St. Augustine wrote it more than 1,600 years ago, and rock stars are still singing his thoughts. Some things are timeless. Yet the world may change in a span as short as a century.
Two hundred years ago, the Osage Nation farmed and hunted what are now the Missouri Ozarks. A hundred years ago, the Osage River flowed unimpeded through central Missouri: early plans for a hydroelectric dam across it had fallen flat.
But when Union Electric grabbed hold of the vision for a 94-mile lake, impounded by a 2,543-long dam, the region changed forever.
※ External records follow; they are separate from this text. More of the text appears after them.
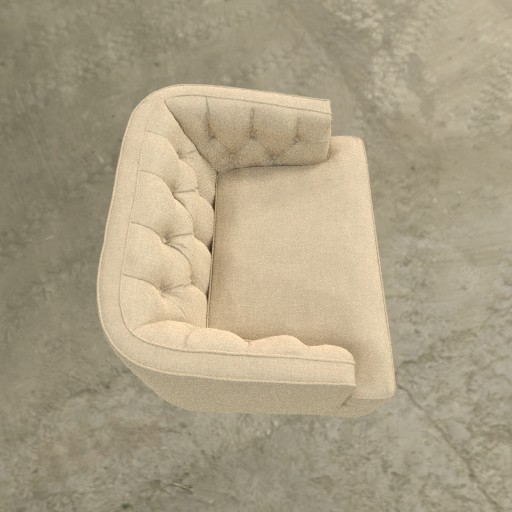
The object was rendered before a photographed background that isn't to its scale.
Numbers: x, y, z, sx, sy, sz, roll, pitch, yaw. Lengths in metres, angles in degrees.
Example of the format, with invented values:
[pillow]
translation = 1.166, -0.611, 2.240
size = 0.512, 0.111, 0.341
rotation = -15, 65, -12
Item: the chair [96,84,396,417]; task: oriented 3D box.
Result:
[chair]
translation = 0.000, 0.000, 1.709
size = 0.914, 0.787, 1.118
rotation = 1, 63, 0
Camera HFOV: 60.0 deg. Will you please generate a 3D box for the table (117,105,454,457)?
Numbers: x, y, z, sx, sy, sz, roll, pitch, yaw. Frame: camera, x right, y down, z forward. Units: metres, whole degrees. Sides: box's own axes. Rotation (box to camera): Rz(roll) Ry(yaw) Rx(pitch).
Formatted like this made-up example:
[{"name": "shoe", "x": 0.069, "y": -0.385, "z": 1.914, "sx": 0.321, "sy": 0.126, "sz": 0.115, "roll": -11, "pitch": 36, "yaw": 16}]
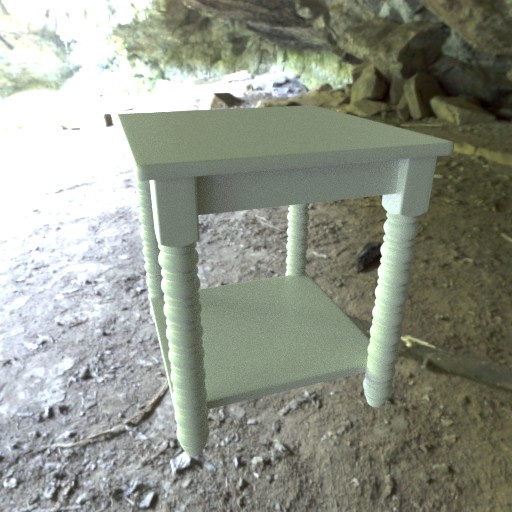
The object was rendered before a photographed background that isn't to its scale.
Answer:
[{"name": "table", "x": 0.000, "y": 0.000, "z": 0.982, "sx": 0.500, "sy": 0.563, "sz": 0.533, "roll": -8, "pitch": 26, "yaw": -17}]

The $30 million project took two years to complete: a price tag and construction timeline that seem incomprehensible in 2023. The resulting 55,000-acre manmade lake was the largest in the country and one of the largest in the world, completed in the first years of the Great Depression.
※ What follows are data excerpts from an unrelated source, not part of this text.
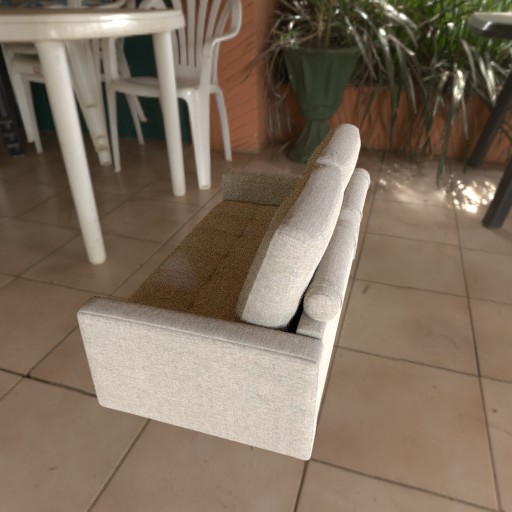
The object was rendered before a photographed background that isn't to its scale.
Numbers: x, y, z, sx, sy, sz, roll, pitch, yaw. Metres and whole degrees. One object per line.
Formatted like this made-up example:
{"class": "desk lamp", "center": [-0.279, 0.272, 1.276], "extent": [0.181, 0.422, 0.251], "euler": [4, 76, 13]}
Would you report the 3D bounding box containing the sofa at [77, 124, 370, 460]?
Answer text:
{"class": "sofa", "center": [0.000, 0.000, 1.930], "extent": [0.842, 0.907, 1.407], "euler": [9, 32, 15]}
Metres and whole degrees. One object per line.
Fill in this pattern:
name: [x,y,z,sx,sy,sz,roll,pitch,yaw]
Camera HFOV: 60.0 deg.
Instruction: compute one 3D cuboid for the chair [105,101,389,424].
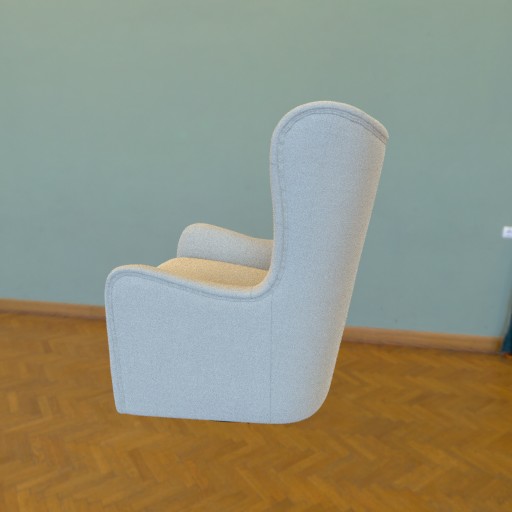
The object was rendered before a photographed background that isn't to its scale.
chair: [0.000,0.000,1.737,0.929,1.079,0.831,3,15,10]
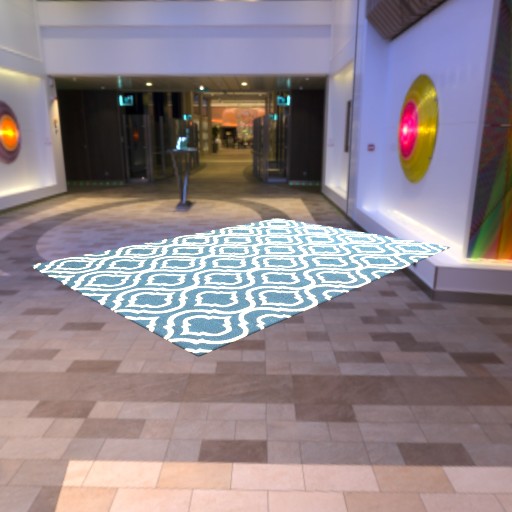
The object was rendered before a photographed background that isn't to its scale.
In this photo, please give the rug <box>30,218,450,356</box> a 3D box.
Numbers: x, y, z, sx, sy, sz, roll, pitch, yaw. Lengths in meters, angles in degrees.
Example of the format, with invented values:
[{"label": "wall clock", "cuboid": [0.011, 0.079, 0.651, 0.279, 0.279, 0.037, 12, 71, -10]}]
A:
[{"label": "rug", "cuboid": [0.000, 0.000, 4.330, 2.438, 0.010, 3.353, 14, 21, 43]}]
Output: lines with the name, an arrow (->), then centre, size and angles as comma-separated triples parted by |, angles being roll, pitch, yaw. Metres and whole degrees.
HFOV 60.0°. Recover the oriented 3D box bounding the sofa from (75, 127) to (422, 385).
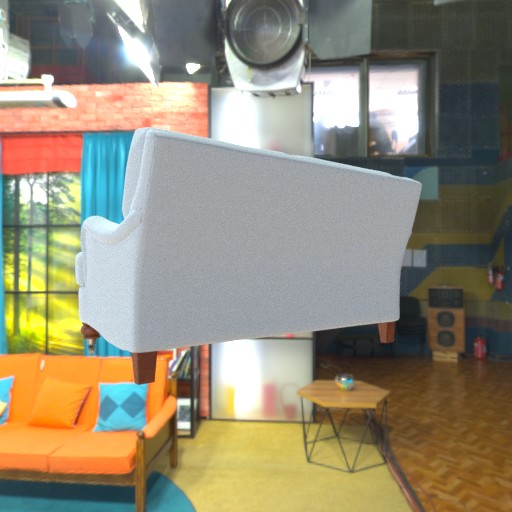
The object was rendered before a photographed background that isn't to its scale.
sofa -> 0.000, 0.000, 2.624 | 1.853, 1.101, 1.084 | 1, -1, -37
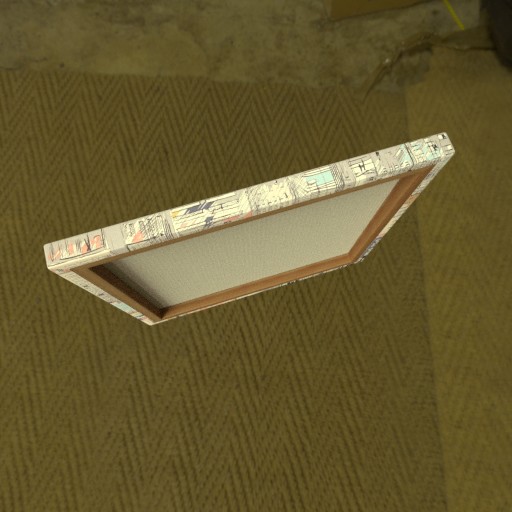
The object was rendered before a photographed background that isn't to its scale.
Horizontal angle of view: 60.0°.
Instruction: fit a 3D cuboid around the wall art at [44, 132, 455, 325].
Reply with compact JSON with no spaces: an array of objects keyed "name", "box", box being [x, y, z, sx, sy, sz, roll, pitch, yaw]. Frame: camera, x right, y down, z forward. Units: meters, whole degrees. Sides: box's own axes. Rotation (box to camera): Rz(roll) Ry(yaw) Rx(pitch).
[{"name":"wall art","box":[0.000,0.000,0.924,0.607,0.608,0.038,-16,75,-5]}]
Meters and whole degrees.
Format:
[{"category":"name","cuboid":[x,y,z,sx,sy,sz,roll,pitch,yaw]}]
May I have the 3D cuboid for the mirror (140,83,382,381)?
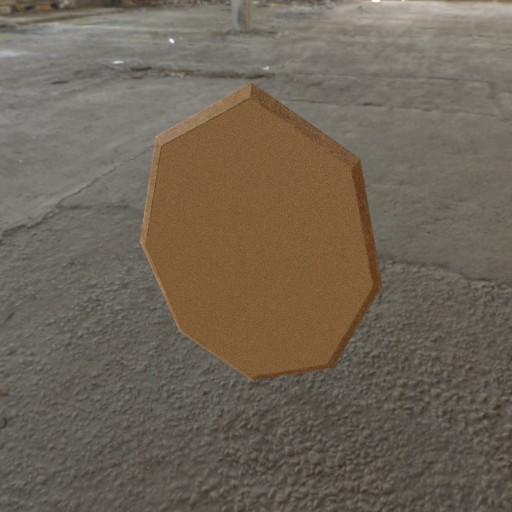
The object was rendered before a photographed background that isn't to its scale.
[{"category":"mirror","cuboid":[0.000,0.000,1.029,0.577,0.774,0.070,10,34,15]}]
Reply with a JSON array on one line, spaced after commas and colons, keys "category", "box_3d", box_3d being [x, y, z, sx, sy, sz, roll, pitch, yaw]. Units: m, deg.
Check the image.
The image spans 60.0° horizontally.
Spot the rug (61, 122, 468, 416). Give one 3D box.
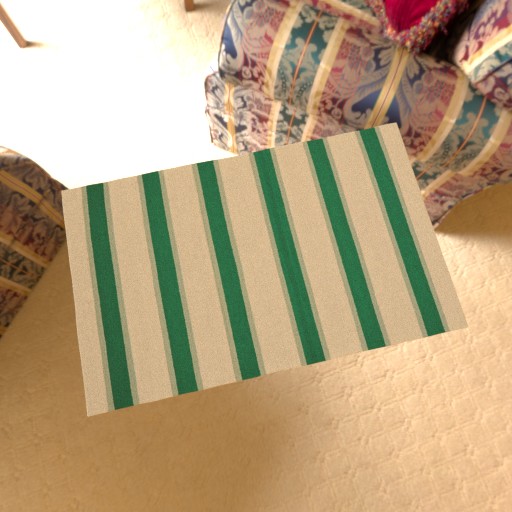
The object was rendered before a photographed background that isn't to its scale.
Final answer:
[{"category": "rug", "box_3d": [0.000, 0.000, 2.952, 2.436, 0.015, 1.521, -12, 75, -3]}]
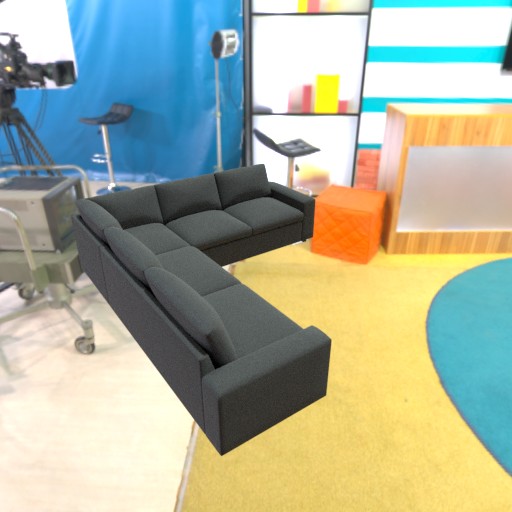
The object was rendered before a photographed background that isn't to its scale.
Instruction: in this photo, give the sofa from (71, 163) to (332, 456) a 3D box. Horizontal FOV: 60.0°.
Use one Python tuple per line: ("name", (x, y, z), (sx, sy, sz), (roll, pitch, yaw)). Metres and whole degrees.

Over the past nine decades, the Lake has grown from being merely a generator of electricity to becoming a generator of economic growth and tourism in Missouri. Meanwhile, the Osage Nation has returned to their ancestral land here, and they’ve got more than farming in mind.
Those with enough vision can see — or forge — the future, and the story of the Lake, as with any place, is the story of people with enough courage (or crazy) to try an idea and see if it would sink or swim. For this issue of Shore Magazine, we look back the Lake’s past (the good, the bad, and the unapologetically nostalgic), drawing it into the present for the pleasure of reliving sweet memories and the curious experience of peering into a different culture from a different time. Then after looking back, we test our prescience with an attempt to peer into the Lake’s future.
I’m convinced it’s a bright future, and we can be sure that when that future becomes the past, it will be a tale of those who acted with courage, conviction, and an eye for opportunity. It’ll make a heck of a story.